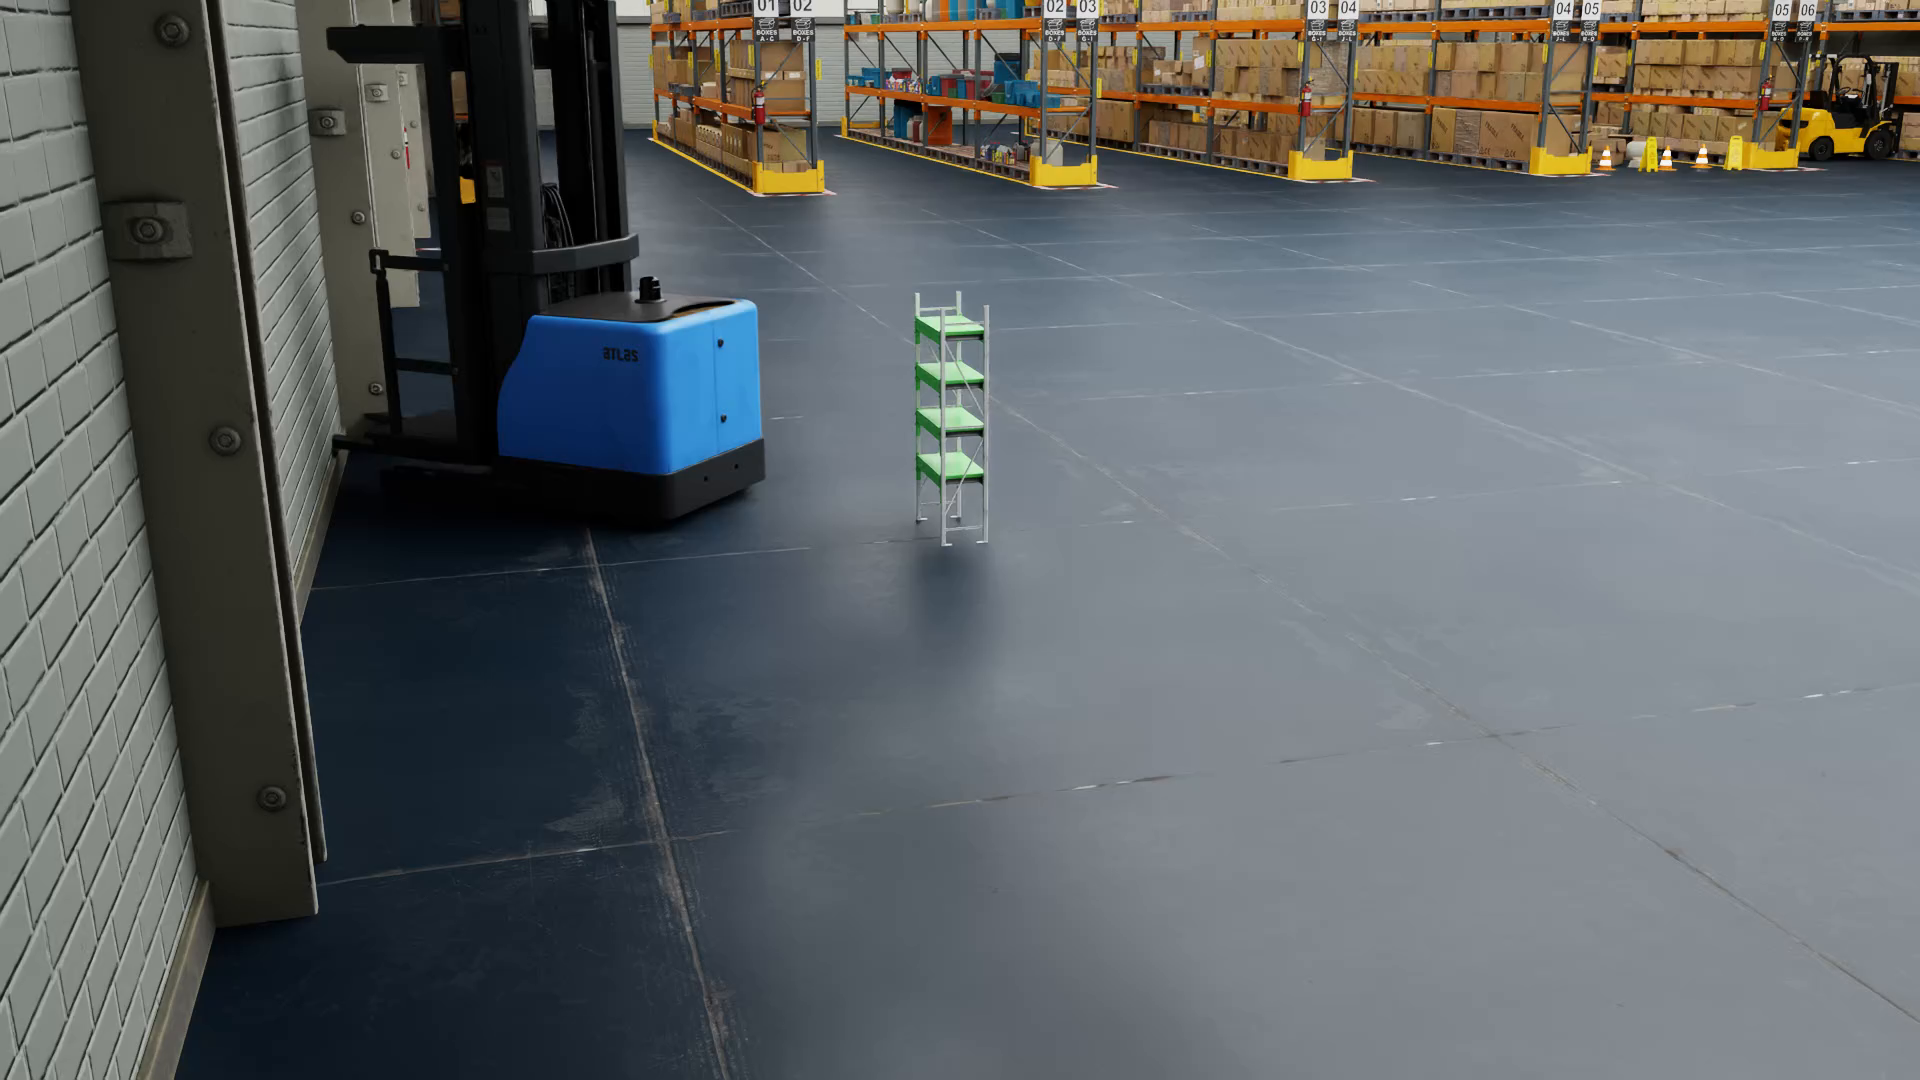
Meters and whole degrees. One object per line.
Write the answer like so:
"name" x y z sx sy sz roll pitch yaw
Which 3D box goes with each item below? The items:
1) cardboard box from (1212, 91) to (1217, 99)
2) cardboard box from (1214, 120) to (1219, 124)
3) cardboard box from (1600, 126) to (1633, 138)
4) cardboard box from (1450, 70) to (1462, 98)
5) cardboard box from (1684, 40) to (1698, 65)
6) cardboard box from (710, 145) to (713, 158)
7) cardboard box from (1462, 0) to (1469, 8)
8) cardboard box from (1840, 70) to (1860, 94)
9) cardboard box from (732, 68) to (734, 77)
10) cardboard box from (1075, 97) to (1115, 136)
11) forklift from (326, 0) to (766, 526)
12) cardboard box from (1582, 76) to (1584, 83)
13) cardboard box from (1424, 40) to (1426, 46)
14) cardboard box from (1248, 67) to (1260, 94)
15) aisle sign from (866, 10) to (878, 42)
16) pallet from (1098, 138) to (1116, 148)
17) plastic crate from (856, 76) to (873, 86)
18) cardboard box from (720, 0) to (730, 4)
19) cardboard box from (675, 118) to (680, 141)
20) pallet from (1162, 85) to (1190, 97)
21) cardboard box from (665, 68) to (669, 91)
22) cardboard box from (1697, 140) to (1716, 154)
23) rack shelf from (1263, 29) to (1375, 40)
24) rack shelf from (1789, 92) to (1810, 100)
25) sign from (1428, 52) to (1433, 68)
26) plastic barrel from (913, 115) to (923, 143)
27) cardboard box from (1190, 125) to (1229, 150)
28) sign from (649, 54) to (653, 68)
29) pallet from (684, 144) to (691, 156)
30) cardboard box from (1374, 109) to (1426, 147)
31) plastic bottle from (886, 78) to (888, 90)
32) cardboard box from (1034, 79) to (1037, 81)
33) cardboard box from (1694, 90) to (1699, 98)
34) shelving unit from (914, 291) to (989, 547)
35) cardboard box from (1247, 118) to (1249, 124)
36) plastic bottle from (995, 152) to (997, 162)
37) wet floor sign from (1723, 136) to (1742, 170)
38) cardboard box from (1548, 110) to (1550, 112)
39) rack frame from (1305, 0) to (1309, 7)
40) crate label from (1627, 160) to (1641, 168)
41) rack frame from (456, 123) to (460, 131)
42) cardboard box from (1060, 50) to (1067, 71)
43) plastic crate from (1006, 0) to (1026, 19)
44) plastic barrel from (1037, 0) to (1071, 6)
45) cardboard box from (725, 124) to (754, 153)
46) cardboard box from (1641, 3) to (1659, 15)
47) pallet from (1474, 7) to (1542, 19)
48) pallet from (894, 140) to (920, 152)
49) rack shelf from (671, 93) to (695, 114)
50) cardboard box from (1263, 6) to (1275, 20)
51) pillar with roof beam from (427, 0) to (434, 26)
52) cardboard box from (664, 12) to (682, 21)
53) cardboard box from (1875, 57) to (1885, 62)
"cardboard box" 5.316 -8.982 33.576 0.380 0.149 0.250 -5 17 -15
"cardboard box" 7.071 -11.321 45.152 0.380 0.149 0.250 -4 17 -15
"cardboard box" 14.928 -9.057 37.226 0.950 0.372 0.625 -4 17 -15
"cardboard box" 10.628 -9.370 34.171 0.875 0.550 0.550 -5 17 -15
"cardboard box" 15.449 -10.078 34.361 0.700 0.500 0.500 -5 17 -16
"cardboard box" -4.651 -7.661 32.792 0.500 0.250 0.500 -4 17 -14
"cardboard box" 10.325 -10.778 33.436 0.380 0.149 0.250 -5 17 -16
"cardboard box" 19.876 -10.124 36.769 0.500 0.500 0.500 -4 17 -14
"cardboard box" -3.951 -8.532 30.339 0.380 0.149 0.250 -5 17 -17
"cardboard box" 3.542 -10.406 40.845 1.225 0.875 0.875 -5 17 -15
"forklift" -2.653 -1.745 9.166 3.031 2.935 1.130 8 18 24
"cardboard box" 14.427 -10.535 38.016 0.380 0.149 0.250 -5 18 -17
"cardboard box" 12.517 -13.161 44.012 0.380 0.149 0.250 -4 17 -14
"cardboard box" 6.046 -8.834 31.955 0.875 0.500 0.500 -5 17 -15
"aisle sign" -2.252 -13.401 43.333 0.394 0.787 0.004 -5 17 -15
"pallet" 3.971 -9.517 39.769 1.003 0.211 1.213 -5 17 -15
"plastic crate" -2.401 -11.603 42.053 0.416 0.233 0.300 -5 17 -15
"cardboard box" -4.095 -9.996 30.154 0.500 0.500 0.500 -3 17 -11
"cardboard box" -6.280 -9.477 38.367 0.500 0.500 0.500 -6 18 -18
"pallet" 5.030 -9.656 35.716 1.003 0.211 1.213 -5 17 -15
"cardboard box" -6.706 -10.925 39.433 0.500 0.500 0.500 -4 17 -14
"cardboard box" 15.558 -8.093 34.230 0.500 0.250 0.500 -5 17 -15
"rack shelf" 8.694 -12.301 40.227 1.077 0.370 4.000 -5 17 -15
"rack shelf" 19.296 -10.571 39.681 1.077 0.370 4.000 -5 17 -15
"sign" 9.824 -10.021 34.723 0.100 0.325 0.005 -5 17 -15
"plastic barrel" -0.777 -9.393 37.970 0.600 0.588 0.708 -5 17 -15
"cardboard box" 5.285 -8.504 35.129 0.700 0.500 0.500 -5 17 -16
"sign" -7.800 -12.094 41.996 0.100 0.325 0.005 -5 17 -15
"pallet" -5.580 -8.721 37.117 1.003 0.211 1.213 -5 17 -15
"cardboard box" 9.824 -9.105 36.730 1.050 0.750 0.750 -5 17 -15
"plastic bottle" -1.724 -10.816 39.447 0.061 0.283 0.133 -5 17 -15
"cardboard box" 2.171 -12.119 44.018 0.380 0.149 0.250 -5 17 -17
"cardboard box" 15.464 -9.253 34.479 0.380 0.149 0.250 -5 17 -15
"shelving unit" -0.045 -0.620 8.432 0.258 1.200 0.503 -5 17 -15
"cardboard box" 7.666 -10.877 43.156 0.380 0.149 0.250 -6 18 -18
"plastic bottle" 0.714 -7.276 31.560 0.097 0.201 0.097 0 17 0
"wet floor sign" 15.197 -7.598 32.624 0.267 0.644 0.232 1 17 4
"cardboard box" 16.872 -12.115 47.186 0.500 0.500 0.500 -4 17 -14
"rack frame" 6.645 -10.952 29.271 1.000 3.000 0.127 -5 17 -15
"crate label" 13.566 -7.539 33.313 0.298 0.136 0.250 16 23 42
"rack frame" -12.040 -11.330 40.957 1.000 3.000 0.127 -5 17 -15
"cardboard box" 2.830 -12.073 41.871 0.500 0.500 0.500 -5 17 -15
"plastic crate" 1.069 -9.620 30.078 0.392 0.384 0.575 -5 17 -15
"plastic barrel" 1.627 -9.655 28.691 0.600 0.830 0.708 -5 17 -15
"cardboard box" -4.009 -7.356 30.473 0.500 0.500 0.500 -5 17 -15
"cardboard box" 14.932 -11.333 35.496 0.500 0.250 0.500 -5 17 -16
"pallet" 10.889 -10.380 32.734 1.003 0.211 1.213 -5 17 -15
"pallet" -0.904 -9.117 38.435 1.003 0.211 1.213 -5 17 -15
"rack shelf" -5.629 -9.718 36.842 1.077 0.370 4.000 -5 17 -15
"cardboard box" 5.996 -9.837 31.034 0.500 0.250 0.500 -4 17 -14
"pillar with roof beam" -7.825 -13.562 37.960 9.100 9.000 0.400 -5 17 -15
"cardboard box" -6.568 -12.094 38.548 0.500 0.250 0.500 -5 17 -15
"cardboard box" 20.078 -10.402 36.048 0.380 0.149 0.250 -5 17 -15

To do
Taking the records above, retype every line from the one with "5) cardboard box from (1684, 40)" down to the one with "13) cardboard box", exactly and with nothing else.

Output
5) cardboard box from (1684, 40) to (1698, 65)
6) cardboard box from (710, 145) to (713, 158)
7) cardboard box from (1462, 0) to (1469, 8)
8) cardboard box from (1840, 70) to (1860, 94)
9) cardboard box from (732, 68) to (734, 77)
10) cardboard box from (1075, 97) to (1115, 136)
11) forklift from (326, 0) to (766, 526)
12) cardboard box from (1582, 76) to (1584, 83)
13) cardboard box from (1424, 40) to (1426, 46)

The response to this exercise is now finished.